St. Thomas Manor (1741) is a historic home and Catholic church complex located near Port Tobacco, Charles County, Maryland. It is now known as St. Ignatius Church and Cemetery. The manor house complex is recognized as the oldest Jesuit residence in the world to have been continuously occupied by that order. The mission settlement of Chapel Point was started in 1641 by Father Andrew White, S.J., an English Jesuit missionary. He administered to the Potapoco Native Americans, some of whom he converted to Catholicism. Established in 1662, this is the oldest continuously active Roman Catholic parish in the Thirteen Colonies of North America founded by Great Britain.
Additional significance:
In 1794 it was at St. Thomas Manor that John Carroll was invested in his robes as the first Catholic bishop of the United States of America, after the nation gained independence in the Revolutionary War. (He later traveled to London for official consecration as a bishop by the Vicar Apostolic.) This investiture established St. Thomas as the first Roman Catholic see in the United States. The Chapel and Manor walls are original. The wooden interiors have been rebuilt several times due to fires.

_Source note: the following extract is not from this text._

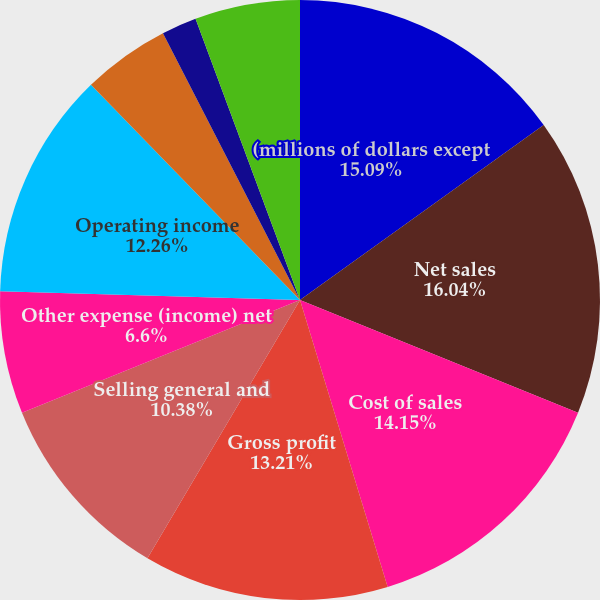Convert chart. <chart><loc_0><loc_0><loc_500><loc_500><pie_chart><fcel>(millions of dollars except<fcel>Net sales<fcel>Cost of sales<fcel>Gross profit<fcel>Selling general and<fcel>Other expense (income) net<fcel>Operating income<fcel>Equity in affiliates' earnings<fcel>Interest income<fcel>Interest expense and finance<nl><fcel>15.09%<fcel>16.04%<fcel>14.15%<fcel>13.21%<fcel>10.38%<fcel>6.6%<fcel>12.26%<fcel>4.72%<fcel>1.89%<fcel>5.66%<nl></chart>

The St. Thomas complex was also the site of the revival of the Jesuit order in the United States in 1805, after it had been suppressed by the Catholic Church in 1773. Three American priests took their vows at St. Ignatius Church. Text from entry: St. Thomas Manor ,in Wikipedia.
The main reason this manor house and chapel are recommended for a genealogy visit are the six stained glass windows that form part of the chapel’s side walls. One of the six stained glass windows is dedicated to the memory of B.L. Higdon. And as you stand on the steps leading to the main entrance to the chapel, you can clearly see the tombstone of B.L. Higdon in the church cemetery.

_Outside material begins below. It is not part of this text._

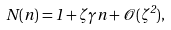<formula> <loc_0><loc_0><loc_500><loc_500>N ( n ) = 1 + \zeta \gamma n + \mathcal { O } ( \zeta ^ { 2 } ) ,</formula>

The tombstone of B.L. Higdon is original and was placed into its current location after the U.S. Civil War. Many of the tombstones you see at St. Ignatius are not in their original locations. As a local priest on site during the U.S. Civil War, Fr. Joseph Zwinge noted in his account of the damages to St. Thomas Manor and St. Ignatius Chapel during the war, “The worst piece of vandalism they committed was to shoot down all the tombstones in the graveyard at Chapel Point, ... . Most of the damage was done after President Lincoln’s assassination, for the soldiers were incensed especially against the people of Charles County.” Quoted text from book: St. Ignatius Church at Chapel Point, p.39. An inn in nearby Port Tobacco was one place where Lincoln’s assassins early on met to plan for the assassination. Afterwards, John Wilkes Booth fled south to the nearby Port Tobacco area as he tried to escape, with the help of several Charles County friends.
After the Civil War ended, the parish, in time, re-erected what tombstones could be salvaged. However, there was no map of the main cemetery prior to the destruction of the tombstones. So, as many tombstones as possible were re-erected on bases that looked like they might be the correct location. Please note: The tombstone of B.L. Higdon is original and was placed into its current location about 35 years after the U.S. Civil War.